На стене узкой, но вытянутой прихожей — старая, знакомая мне когда–то до мельчайших трещин, а сейчас почти новая вешалка из темного полированного дерева. На ней висел светло–бежевый гражданский плащ прадеда и женское демисезонное пальто с каракулевым воротником, серое, элегантное. Рука сама потянулась, коснулась мягкого, холодного меха. Это было ее пальто. Надежды Васильевны. Моей прабабушки. Той, чьё окоченевшее тело мы с Петром Дмитриевичем подобрали во дворе штаба абвергруппы «Валли–3» после освобождения Смоленска. Я сжал зубы, заставив себя отвести руку.

— Проходи, сынок, не загораживай проход, — сказал прадед, мягко подталкивая меня в спину. — Стоишь, как на вахте. Ты дома, Игоряша, расслабься уже.

Он не догадывался, что для меня эта квартира одновременно родной дом и чужое место, словно сломанная машина времени, где каждый сантиметр полон призраков будущего.

Я снял ремень, сбросил шинель и шапку, привычным жестом повесил их на вешалку. Боевые товарищи последовали моему примеру. В узкой прихожей стало шумно от топота сапог, звона пряжек, приглушенных голосов.

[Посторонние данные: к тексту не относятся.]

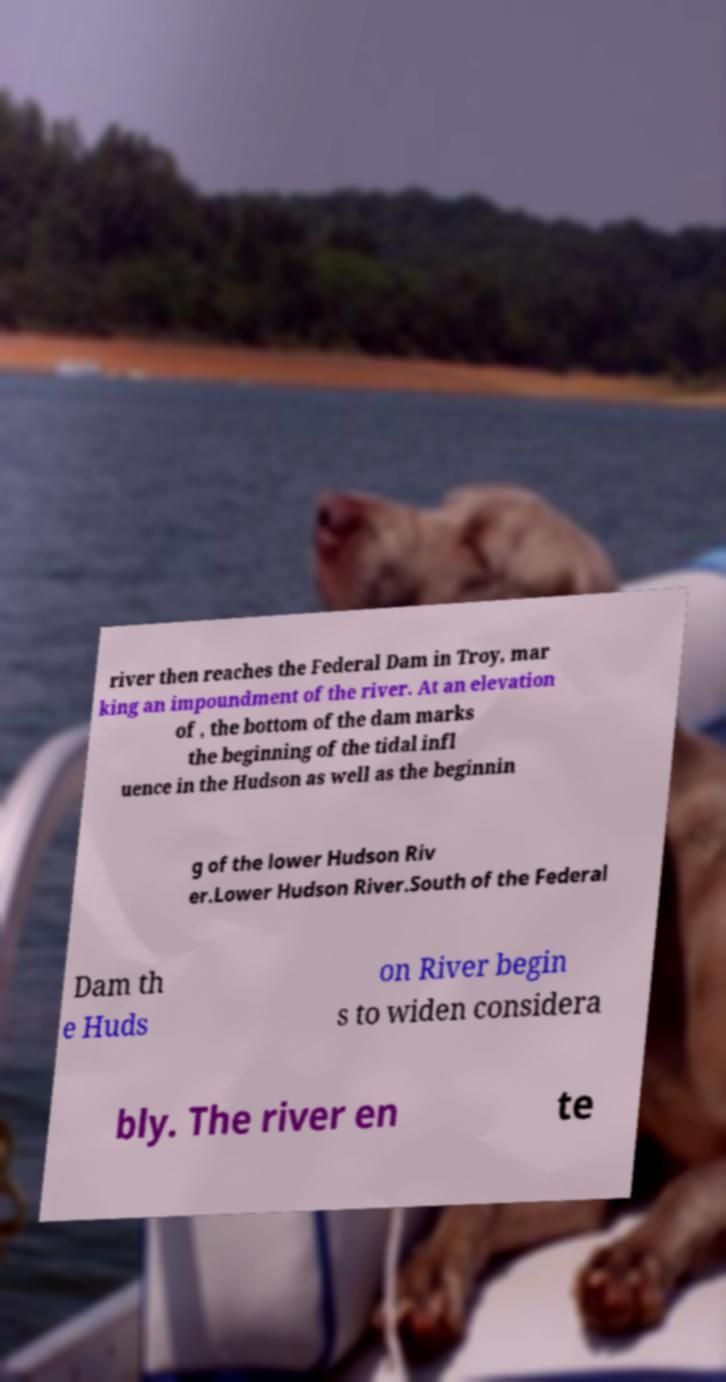Please identify and transcribe the text found in this image. river then reaches the Federal Dam in Troy, mar king an impoundment of the river. At an elevation of , the bottom of the dam marks the beginning of the tidal infl uence in the Hudson as well as the beginnin g of the lower Hudson Riv er.Lower Hudson River.South of the Federal Dam th e Huds on River begin s to widen considera bly. The river en te 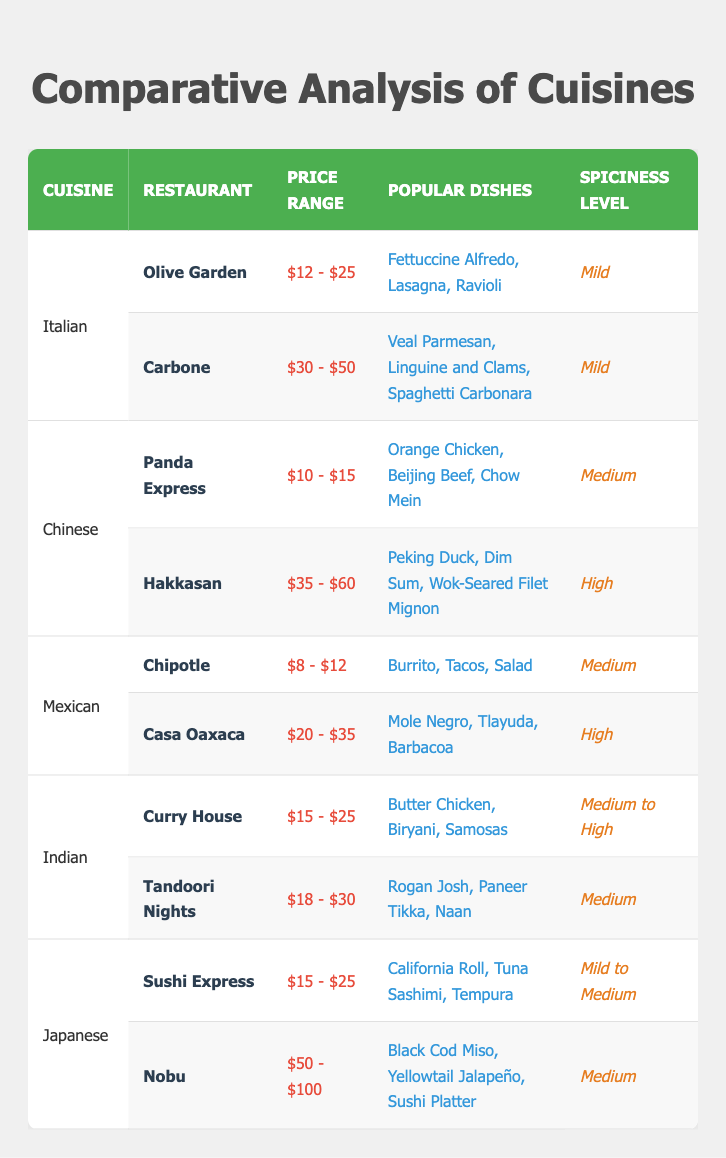What are the popular dishes at Panda Express? The table lists the popular dishes for each restaurant. For Panda Express, the dishes are Orange Chicken, Beijing Beef, and Chow Mein.
Answer: Orange Chicken, Beijing Beef, Chow Mein Which cuisine has the highest average price range? To find the highest average price range, we compare all price ranges listed. Hakkasan has a price range of $35 - $60, and Nobu ranges from $50 - $100. Nobu's price range is the highest.
Answer: Japanese Is the spiciness level for Olive Garden mild? The table specifically states that Olive Garden has a spiciness level of Mild, making this statement true.
Answer: Yes How many restaurants have a spiciness level labeled as high? The table indicates that Hakkasan and Casa Oaxaca have a high spiciness level, giving us a total of 2 restaurants.
Answer: 2 Which cuisine offers a wider range of price for restaurants, Mexican or Italian? Comparing the price ranges: for Mexican, Chipotle ranges from $8 - $12, and Casa Oaxaca from $20 - $35; the range is $8 to $35. For Italian, Olive Garden ranges from $12 - $25 and Carbone from $30 - $50; the range is $12 to $50. Thus, the Italian cuisine has a wider range.
Answer: Italian 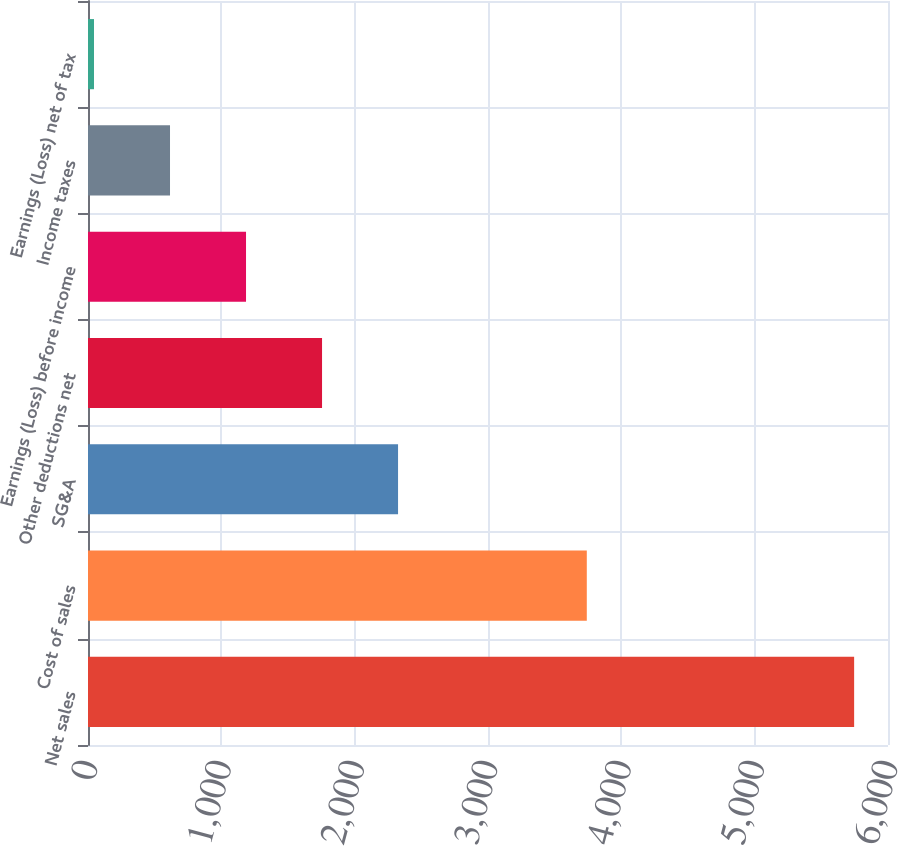<chart> <loc_0><loc_0><loc_500><loc_500><bar_chart><fcel>Net sales<fcel>Cost of sales<fcel>SG&A<fcel>Other deductions net<fcel>Earnings (Loss) before income<fcel>Income taxes<fcel>Earnings (Loss) net of tax<nl><fcel>5746<fcel>3741<fcel>2325.4<fcel>1755.3<fcel>1185.2<fcel>615.1<fcel>45<nl></chart> 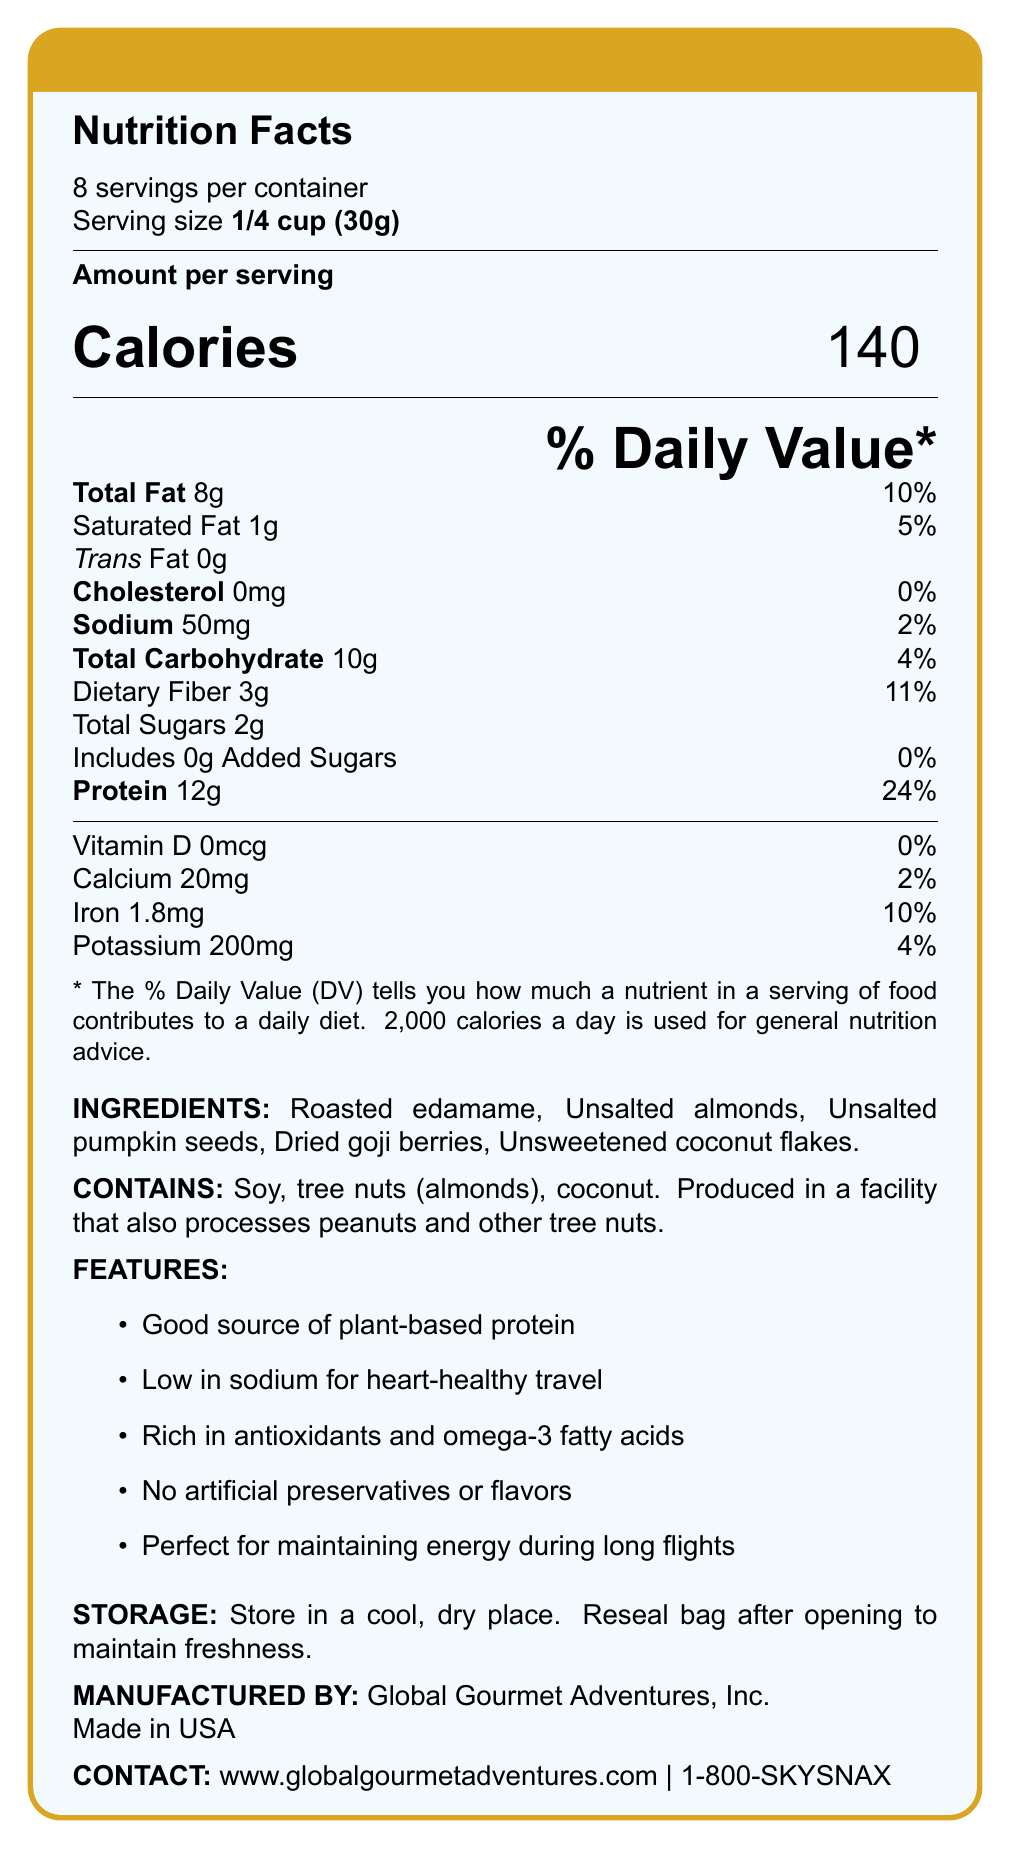What is the serving size for the SkySnax High-Protein Low-Sodium Travel Mix? The serving size is explicitly mentioned as "1/4 cup (30g)" in the document.
Answer: 1/4 cup (30g) How many calories are there per serving? The number of calories per serving is listed as 140 in the document.
Answer: 140 What is the amount of sodium in a single serving? Sodium content per serving is clearly stated as 50mg.
Answer: 50mg How much protein is in one serving of this travel mix? The document mentions that each serving contains 12g of protein.
Answer: 12g What allergens are present in the SkySnax Travel Mix? The allergen information specifies these ingredients.
Answer: Soy, tree nuts (almonds), coconut What is the daily value percentage for iron in one serving? The document indicates that the daily value percentage for iron is 10%.
Answer: 10% Does the SkySnax Travel Mix contain any trans fat? The document lists the trans fat amount as 0g.
Answer: No How many servings are there per container of the SkySnax Travel Mix? A. 6 B. 8 C. 10 D. 12 The document clearly states there are 8 servings per container.
Answer: B. 8 What is the amount of dietary fiber in one serving? A. 1g B. 2g C. 3g D. 4g The dietary fiber content per serving is listed as 3g in the document.
Answer: C. 3g Does this product contain any added sugars? It is specified in the document that there are 0g of added sugars.
Answer: No Is the SkySnax Travel Mix suitable for vegans? The document does not provide explicit information regarding the suitability of the product for a vegan diet.
Answer: Not enough information What are the storage instructions for this snack mix? The storage instructions are detailed in the document.
Answer: Store in a cool, dry place. Reseal bag after opening to maintain freshness. Summarize the key features and nutritional information of the SkySnax Travel Mix. This summary includes the main nutritional highlights and ingredient features mentioned in the document.
Answer: The SkySnax High-Protein Low-Sodium Travel Mix contains 12g of protein, 3g of dietary fiber, and has only 50mg of sodium per serving. It is a plant-based snack made from roasted edamame, almonds, pumpkin seeds, goji berries, and coconut flakes. It's enriched with antioxidants and omega-3 fatty acids, free from artificial preservatives or flavors, and is designed to maintain energy during long flights. How much calcium is in one serving? The calcium content per serving is listed as 20mg.
Answer: 20mg What is the contact information for customer service? The customer service number is provided as 1-800-SKYSNAX.
Answer: 1-800-SKYSNAX Which ingredient provides the most protein in the SkySnax Travel Mix? The document does not provide specific protein amounts for individual ingredients.
Answer: Cannot be determined 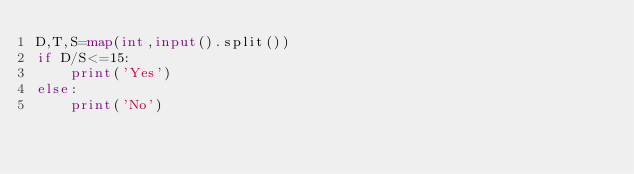Convert code to text. <code><loc_0><loc_0><loc_500><loc_500><_Python_>D,T,S=map(int,input().split())
if D/S<=15:
    print('Yes')
else:
	print('No')</code> 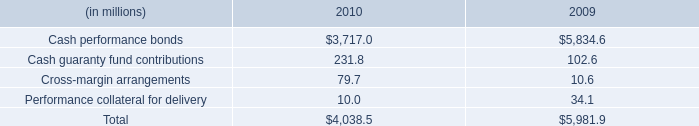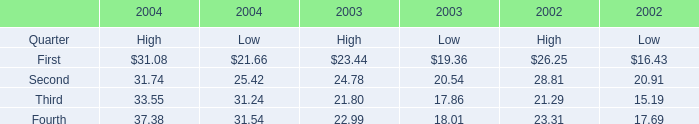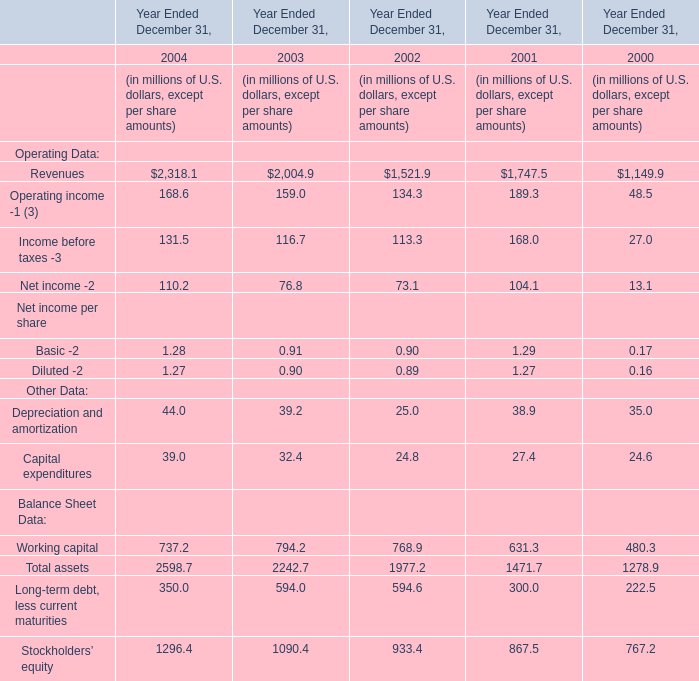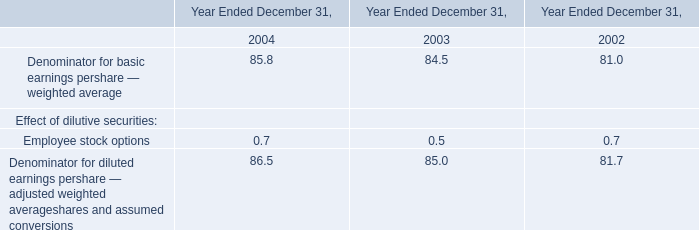What was the amount of the Revenues in 2000? (in million) 
Answer: 1149.9.

Я прошел дальше, в гостиную.

Большая, около тридцати «квадратов», комната с высоким потолком, два высоких окна, выходящие на улицу Горького, но без пластиковых стеклопакетов — массивные деревянные рамы, наглухо задраенные и заклеенные крест–накрест бумажными лентами. Яркие солнечные лучи, преломляясь в узорах инея на стеклах, заливали комнату теплым светом. У стены справа — возвышался монументальный диван. Не тот, «чешский», с продавленными поролоновыми подушками, обтянутый серой рогожкой, на котором я буду играть в «Нинтендо», а солидный, жесткий, обтянутый темно–зеленым репсом. У окна — то самое кресло–качалка, в котором через сорок лет будет любить дремать после воскресного обеда мой отец, Петр Игоревич, «одним глазком» посматривая по телевизору какую–нибудь дурацкую передачу. Ковер на полу — тоже «старый знакомый», только не потрепанный, с вытертым до дыр узором, а яркий, с сочными, восточными красками, с изображением каких–то сказочных птиц среди завитков.

На стене — не портрет бородатого Хэмингуэя в свитере с высоким «горлом», а большая, в тяжелой золоченой раме, картина — репродукция «Корабельной рощи» Шишкина. У каждой эпохи своя мода на искусство…

В изящном, светлом серванте, выполненном в стиле «арт–нуво», с резными колонками и стеклянными дверцами витрин, стояли знакомые мне с детства «безделушки», которые тогда казались старомодным хламом, а сейчас сияли новизной и были материальным символом мирной, благополучной, навсегда ушедшей довоенной жизни. Фарфоровые статуэтки: изящная балерина в пачке, замершая в арабеске и рядом — медвежонок с бочонком меда, наивный и трогательный. Набор хрустальных стопок с золотой каемкой — «горьковские». Хрустальная ваза для конфет, отражающая бледный зимний свет сотнями граней.

И фотография в деревянной рамке — молодая женщина с гладко зачесанными светло–русыми волосами, с ясными, очень добрыми и умными глазами, с легкой, застенчивой улыбкой на губах — Надежда Васильевна. Снимок был сделан до войны, в мирное время — именно его я видел потом в семейном альбоме. Горло сдавило так, что стало трудно дышать. Я отвернулся, сжав кулаки, чувствуя, как по щекам, вопреки всей моей воле, катятся горячие слезы. Я быстро смахнул их рукавом гимнастерки.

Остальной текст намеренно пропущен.